Management of inventory is another important aspect of a business. The goal here is to maintain an optimal level of inventory. If the inventory levels are too low, it can lead to a loss of sales because of stock-outs. At the same time, if there is too much inventory, it indicates that the firm’s excess capital is tied up in inventory, which could have otherwise been used to invest in short-term securities, or to clear debt.
To evaluate inventory management, the manager can observe the average days of inventory, or inventory turnover ratio. If the average days of inventory is increasing (turnover ratio decreasing), this indicates a very large inventory and the manager should take steps to bring it down to a reasonable level.

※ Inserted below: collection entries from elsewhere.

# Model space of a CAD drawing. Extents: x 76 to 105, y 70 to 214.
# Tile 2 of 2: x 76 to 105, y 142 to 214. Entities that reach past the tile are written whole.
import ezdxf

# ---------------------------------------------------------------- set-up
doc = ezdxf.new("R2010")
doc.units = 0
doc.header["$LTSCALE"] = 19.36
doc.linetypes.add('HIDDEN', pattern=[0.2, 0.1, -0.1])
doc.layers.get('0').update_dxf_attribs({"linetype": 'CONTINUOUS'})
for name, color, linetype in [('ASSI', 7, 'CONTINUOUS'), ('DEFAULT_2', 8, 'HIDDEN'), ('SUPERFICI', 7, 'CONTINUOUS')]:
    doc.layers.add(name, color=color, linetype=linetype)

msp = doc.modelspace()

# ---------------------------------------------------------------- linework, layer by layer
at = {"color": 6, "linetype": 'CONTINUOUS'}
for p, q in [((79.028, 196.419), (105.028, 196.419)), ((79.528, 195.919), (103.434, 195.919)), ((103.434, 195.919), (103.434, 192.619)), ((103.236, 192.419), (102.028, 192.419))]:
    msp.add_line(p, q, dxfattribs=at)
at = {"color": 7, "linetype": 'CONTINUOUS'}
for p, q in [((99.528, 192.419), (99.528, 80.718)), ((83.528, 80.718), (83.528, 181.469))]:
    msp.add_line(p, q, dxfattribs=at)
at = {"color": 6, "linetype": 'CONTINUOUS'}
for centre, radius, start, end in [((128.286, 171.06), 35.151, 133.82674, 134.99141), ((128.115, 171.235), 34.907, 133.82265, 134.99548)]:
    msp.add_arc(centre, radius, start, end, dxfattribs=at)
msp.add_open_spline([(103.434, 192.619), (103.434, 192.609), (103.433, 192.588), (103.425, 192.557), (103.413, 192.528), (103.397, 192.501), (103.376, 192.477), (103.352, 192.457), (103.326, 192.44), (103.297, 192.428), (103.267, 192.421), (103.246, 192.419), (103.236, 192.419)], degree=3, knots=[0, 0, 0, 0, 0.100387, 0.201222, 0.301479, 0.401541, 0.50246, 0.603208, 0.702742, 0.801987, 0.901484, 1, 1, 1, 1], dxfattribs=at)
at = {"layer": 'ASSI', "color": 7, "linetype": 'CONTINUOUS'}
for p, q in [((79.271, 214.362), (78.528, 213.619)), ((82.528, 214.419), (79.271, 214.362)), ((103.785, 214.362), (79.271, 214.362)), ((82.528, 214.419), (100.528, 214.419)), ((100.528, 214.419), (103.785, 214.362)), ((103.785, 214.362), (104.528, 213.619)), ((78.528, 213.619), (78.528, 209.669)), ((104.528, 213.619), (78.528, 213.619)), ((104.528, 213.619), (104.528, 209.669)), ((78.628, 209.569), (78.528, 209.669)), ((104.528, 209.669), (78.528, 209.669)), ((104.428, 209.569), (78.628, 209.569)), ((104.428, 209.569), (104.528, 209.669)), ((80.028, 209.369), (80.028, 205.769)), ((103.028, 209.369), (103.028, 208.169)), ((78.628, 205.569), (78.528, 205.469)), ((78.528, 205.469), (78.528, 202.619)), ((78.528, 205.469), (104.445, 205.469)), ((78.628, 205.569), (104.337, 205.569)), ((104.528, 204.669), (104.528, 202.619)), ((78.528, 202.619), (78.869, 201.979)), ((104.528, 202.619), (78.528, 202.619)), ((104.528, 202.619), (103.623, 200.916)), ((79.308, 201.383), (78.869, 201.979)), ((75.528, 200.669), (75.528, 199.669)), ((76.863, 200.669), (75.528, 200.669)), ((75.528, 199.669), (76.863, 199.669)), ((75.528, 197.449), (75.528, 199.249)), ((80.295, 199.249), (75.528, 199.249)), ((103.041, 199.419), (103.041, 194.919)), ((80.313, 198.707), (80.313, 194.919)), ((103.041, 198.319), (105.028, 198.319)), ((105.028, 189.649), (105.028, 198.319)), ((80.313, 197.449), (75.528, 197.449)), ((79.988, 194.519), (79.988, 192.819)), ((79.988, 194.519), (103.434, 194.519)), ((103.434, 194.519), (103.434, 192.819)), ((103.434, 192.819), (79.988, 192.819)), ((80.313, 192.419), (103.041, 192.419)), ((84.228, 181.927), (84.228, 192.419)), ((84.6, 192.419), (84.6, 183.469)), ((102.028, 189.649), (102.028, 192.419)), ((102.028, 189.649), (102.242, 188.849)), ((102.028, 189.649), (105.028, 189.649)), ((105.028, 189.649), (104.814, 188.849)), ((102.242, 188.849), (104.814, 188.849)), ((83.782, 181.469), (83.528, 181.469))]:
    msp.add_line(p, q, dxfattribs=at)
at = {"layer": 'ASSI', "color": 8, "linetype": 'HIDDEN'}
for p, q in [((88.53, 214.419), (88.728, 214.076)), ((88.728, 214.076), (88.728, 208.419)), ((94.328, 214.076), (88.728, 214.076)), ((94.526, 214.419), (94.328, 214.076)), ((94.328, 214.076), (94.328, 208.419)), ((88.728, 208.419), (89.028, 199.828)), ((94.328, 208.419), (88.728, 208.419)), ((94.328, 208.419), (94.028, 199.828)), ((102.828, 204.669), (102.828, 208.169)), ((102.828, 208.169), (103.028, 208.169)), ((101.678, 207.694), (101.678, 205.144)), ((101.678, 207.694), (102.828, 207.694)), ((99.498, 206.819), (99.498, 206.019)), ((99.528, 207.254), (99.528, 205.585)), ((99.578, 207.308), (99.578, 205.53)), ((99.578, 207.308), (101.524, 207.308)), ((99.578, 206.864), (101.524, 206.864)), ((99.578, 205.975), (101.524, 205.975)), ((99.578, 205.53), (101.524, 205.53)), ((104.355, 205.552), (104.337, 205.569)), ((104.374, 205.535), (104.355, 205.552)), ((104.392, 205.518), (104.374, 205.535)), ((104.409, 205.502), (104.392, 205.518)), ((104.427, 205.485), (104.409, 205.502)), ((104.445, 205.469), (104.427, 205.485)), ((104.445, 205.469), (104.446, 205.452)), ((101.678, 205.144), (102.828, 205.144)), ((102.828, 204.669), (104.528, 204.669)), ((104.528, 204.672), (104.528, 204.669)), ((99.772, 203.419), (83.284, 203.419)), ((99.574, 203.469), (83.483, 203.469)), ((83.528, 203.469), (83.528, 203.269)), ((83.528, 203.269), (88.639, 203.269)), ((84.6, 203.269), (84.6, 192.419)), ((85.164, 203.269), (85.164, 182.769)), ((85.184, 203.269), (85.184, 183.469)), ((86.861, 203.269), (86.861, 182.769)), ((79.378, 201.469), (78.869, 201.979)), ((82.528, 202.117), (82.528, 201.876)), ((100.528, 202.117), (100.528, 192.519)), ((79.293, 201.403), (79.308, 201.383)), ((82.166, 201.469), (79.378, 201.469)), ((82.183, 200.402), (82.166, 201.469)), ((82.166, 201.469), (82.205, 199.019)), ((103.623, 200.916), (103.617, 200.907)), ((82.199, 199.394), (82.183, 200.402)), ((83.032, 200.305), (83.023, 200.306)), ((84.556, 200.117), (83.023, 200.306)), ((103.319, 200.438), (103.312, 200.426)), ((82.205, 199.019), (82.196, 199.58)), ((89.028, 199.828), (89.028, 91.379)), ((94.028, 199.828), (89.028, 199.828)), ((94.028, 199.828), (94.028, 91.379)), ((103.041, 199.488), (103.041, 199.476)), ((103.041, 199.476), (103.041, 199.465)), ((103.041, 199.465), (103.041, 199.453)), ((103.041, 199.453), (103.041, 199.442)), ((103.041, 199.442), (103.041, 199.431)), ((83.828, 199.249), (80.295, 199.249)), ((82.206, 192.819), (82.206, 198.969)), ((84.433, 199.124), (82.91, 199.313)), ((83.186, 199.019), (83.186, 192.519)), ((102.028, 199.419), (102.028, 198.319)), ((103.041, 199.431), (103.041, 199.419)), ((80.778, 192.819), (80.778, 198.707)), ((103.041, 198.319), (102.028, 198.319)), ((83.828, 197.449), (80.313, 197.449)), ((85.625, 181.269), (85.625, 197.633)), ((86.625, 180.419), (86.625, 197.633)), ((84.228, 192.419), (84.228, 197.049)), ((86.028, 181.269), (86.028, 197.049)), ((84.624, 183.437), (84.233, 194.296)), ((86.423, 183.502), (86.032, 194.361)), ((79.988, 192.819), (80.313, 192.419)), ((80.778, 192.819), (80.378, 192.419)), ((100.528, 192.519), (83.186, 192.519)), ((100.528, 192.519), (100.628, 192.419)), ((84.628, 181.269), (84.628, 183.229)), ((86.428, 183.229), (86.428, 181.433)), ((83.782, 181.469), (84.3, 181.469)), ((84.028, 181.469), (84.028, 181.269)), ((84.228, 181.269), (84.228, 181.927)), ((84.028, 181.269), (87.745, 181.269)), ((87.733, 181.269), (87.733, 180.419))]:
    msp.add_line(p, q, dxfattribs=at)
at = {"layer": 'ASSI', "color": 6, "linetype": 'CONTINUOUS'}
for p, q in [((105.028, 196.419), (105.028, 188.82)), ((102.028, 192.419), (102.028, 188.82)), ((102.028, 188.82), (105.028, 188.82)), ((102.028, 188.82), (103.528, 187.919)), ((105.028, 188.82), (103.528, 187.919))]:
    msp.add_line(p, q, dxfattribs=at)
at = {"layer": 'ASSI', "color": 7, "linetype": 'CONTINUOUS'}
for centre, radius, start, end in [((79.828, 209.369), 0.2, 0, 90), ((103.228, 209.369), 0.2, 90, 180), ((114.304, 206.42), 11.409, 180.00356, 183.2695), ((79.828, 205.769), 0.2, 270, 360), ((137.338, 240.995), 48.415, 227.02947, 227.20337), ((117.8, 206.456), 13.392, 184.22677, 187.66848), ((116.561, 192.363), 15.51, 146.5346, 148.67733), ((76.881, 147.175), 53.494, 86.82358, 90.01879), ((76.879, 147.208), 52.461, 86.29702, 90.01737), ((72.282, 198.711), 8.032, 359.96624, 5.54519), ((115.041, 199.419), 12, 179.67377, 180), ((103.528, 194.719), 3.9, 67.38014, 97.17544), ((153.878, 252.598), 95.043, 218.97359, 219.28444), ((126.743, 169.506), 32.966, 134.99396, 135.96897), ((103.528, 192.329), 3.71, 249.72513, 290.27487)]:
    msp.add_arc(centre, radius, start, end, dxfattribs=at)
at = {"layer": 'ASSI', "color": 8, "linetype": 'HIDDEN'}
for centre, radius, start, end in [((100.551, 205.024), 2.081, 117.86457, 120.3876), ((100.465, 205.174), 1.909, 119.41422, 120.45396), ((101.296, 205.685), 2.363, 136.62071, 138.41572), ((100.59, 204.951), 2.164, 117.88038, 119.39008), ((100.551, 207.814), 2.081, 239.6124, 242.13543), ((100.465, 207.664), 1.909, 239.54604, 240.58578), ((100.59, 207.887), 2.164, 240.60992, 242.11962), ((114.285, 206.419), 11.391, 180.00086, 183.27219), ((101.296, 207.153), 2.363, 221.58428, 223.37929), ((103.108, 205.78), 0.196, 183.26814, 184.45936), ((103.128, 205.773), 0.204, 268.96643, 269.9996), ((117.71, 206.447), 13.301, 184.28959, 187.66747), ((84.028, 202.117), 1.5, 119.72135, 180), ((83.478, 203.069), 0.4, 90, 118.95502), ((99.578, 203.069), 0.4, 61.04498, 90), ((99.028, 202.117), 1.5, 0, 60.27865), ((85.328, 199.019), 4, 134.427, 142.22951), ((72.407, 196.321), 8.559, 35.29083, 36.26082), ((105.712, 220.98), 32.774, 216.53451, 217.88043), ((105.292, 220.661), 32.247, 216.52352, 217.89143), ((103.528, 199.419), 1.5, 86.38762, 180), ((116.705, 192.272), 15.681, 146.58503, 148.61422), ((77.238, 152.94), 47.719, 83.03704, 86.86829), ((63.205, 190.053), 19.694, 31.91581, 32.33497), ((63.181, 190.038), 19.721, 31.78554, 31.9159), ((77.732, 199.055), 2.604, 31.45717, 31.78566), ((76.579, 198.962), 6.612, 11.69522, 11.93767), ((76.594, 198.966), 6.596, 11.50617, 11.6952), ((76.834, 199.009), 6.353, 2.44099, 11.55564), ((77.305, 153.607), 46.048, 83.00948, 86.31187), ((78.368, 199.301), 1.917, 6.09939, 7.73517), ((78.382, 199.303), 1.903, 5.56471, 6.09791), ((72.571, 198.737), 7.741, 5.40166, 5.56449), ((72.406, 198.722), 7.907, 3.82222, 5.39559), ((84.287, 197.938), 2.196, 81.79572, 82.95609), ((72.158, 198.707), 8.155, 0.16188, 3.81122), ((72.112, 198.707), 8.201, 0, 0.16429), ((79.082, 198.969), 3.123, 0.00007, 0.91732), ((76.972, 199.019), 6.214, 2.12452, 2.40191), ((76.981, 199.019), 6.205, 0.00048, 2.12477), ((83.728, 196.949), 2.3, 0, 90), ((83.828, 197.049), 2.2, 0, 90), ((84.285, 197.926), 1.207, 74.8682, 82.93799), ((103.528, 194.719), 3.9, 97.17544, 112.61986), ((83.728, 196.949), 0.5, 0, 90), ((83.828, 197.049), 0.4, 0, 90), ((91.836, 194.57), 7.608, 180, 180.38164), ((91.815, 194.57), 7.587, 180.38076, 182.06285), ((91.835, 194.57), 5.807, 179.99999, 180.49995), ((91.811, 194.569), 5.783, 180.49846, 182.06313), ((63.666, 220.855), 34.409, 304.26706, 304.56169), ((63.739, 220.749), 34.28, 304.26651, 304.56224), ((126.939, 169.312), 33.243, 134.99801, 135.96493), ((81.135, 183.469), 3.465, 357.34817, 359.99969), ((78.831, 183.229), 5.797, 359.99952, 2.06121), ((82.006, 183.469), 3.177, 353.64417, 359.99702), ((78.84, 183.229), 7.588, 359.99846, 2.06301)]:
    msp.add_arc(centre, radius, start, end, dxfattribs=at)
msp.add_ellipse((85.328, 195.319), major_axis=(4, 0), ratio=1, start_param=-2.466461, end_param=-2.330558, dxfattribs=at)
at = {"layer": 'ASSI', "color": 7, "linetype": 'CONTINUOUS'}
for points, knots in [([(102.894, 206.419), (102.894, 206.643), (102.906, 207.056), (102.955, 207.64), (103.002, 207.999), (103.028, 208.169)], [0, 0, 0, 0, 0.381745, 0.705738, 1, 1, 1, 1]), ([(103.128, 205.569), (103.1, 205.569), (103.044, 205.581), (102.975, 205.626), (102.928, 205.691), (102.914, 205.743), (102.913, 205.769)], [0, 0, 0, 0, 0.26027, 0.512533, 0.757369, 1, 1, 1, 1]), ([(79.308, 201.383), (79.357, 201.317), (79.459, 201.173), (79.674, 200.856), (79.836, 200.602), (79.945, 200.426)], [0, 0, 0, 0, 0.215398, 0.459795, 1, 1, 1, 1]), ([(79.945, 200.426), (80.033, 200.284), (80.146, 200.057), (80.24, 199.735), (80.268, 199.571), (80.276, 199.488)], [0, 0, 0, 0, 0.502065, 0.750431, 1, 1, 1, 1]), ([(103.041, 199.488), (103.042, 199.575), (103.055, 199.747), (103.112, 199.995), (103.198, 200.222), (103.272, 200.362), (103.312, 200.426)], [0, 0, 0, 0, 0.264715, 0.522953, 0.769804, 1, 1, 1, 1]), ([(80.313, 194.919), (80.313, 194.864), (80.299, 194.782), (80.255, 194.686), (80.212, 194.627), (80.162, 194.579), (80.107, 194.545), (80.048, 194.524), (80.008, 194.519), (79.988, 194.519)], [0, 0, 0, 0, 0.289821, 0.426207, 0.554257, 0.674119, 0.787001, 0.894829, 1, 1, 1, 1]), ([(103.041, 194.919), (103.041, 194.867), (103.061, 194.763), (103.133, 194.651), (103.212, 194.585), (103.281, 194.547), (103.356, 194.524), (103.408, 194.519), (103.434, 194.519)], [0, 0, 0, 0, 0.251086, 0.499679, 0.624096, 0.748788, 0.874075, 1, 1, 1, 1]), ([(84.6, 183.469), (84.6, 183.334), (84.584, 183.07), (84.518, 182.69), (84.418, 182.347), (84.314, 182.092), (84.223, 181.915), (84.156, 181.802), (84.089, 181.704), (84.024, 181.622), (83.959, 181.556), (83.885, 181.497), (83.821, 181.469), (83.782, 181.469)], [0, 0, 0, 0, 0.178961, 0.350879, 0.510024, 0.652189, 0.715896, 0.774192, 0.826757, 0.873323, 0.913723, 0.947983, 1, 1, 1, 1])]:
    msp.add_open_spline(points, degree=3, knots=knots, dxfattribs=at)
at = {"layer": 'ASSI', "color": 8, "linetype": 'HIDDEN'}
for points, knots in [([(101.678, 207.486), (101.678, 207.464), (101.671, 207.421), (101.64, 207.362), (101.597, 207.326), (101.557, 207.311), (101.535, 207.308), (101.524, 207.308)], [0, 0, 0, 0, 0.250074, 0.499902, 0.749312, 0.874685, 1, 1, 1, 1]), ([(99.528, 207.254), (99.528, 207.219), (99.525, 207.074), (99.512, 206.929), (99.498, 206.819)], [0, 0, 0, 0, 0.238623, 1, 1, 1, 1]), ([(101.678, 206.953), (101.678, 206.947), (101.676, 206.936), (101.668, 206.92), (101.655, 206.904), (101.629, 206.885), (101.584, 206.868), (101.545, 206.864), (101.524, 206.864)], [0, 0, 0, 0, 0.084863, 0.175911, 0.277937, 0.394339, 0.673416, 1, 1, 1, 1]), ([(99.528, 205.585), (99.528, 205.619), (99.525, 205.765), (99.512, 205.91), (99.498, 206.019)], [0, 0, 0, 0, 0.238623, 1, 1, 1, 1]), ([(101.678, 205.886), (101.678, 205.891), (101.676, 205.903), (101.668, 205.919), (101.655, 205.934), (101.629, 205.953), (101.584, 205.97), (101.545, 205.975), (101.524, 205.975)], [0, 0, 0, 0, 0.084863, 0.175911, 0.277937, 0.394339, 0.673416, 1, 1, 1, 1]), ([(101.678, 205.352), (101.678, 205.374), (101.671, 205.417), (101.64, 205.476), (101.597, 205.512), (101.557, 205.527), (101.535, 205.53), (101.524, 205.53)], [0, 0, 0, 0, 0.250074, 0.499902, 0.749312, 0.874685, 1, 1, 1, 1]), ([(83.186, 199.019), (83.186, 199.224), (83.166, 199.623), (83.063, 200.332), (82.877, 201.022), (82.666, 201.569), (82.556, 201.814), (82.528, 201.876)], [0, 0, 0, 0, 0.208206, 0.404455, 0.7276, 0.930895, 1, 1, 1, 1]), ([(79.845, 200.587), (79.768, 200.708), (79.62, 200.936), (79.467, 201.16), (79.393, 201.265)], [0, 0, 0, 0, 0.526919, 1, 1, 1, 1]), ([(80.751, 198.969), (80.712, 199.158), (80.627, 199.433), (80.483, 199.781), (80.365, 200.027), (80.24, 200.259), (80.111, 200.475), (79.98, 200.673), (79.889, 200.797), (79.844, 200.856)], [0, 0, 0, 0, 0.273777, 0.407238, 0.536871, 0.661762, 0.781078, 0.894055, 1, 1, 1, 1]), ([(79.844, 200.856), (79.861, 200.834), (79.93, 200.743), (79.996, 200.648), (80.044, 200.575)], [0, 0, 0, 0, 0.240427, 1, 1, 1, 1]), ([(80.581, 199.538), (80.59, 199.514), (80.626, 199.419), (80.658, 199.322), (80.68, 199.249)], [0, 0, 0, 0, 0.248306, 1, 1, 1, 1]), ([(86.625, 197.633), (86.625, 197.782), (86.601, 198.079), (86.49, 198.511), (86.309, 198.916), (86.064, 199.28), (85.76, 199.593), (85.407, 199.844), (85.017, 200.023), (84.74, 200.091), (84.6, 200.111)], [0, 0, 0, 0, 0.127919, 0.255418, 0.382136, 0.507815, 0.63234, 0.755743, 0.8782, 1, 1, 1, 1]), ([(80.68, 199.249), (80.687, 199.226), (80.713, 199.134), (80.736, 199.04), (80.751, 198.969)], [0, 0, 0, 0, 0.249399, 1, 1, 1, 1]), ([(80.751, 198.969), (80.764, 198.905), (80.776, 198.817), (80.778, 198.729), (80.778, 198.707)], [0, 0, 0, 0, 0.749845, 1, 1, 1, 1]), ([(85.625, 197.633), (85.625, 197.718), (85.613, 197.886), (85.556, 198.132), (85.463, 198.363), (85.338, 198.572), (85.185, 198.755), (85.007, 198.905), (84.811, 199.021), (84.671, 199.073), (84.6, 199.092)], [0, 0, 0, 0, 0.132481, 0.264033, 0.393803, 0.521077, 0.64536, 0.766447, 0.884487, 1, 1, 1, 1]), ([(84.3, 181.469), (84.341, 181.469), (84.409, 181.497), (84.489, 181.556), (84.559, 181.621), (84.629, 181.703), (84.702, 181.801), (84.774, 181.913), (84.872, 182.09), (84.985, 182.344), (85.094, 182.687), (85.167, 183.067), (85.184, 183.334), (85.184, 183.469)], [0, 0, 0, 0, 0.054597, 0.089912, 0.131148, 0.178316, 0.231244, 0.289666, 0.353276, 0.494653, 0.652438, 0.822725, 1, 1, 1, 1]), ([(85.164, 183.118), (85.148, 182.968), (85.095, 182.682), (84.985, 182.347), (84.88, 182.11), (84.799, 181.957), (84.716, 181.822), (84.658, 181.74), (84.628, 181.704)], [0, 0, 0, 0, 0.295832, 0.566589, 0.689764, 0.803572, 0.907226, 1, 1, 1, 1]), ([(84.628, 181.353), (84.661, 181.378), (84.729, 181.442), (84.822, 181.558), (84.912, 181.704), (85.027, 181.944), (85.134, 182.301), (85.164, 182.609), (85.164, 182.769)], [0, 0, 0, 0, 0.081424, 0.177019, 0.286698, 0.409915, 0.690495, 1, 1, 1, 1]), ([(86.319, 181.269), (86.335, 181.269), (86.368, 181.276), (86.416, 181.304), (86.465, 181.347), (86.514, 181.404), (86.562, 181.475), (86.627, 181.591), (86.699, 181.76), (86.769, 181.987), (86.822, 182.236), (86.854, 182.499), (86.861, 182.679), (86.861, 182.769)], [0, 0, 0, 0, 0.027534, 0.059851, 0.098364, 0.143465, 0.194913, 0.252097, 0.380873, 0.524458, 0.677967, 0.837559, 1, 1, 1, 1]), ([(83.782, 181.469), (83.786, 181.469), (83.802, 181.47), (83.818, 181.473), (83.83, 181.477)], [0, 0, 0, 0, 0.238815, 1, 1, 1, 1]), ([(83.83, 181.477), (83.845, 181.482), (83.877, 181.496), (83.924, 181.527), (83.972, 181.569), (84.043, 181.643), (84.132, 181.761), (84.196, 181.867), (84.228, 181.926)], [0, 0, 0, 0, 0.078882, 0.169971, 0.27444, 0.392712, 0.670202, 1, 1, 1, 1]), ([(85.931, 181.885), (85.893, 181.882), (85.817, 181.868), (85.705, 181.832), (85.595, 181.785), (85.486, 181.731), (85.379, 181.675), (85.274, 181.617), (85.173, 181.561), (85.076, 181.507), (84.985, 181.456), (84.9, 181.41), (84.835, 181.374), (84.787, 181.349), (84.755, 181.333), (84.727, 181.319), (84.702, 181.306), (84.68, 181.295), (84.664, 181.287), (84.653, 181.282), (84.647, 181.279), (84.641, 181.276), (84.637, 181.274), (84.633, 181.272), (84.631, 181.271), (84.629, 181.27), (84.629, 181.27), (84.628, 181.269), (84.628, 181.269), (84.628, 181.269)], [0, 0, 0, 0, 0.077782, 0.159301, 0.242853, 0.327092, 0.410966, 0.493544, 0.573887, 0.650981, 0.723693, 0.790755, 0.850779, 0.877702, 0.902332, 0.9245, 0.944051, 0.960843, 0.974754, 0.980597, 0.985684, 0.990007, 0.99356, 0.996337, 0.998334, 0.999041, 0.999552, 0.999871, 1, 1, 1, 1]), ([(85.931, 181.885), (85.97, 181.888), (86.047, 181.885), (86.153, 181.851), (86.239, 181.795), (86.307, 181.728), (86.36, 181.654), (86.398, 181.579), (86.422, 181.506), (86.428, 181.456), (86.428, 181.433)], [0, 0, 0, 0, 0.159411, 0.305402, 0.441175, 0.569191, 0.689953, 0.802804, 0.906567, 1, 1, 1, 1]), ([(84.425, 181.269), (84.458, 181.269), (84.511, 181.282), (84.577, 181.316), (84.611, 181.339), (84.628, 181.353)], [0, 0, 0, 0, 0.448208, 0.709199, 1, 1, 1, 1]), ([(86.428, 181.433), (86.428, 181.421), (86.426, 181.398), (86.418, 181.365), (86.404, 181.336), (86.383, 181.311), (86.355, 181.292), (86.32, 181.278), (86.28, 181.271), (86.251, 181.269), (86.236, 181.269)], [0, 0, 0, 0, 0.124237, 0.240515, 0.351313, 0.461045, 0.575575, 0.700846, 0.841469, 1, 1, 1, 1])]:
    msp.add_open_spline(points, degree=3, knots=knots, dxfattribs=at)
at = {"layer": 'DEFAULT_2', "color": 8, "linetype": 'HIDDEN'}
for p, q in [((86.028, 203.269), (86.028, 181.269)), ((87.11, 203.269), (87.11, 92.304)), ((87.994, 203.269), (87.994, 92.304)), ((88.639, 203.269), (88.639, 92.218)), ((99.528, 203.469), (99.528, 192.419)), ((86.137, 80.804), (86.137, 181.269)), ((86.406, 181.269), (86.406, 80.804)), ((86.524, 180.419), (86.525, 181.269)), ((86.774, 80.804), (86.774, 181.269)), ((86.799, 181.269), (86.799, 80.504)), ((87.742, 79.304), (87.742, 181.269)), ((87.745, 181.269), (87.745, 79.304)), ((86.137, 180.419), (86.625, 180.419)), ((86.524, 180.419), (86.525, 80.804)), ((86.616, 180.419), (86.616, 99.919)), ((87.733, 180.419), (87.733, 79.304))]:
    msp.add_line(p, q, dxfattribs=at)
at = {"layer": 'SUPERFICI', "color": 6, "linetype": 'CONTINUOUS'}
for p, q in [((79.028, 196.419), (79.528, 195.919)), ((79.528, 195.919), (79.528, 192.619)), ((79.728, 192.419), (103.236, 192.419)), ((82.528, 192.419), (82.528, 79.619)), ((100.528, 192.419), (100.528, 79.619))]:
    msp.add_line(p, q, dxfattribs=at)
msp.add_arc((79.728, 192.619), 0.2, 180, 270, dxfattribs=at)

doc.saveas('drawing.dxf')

The average days of inventory and inventory turnover can also be compared to peers in the industry and with the company’s past performance to see the trends. Comparing these ratios with companies in other industries can provide false signals, as each industry will have a different benchmark. For example, retail stores will have a high turnover ratio compared to automobile show rooms.
Companies also employ innovative techniques and technology to bring their levels of inventory down. One such approach is the economic-order quantity-reorder point, under which the company forecasts demand. These forecasts help the company determine the levels at which the new inventory is ordered. Another method is the just-in-time method, which is based on the philosophy of producing and delivering finished goods just in time for selling.
The key to effectively managing inventory levels is to strike a balance between the risks and returns from overinvestment and underinvestment in inventory.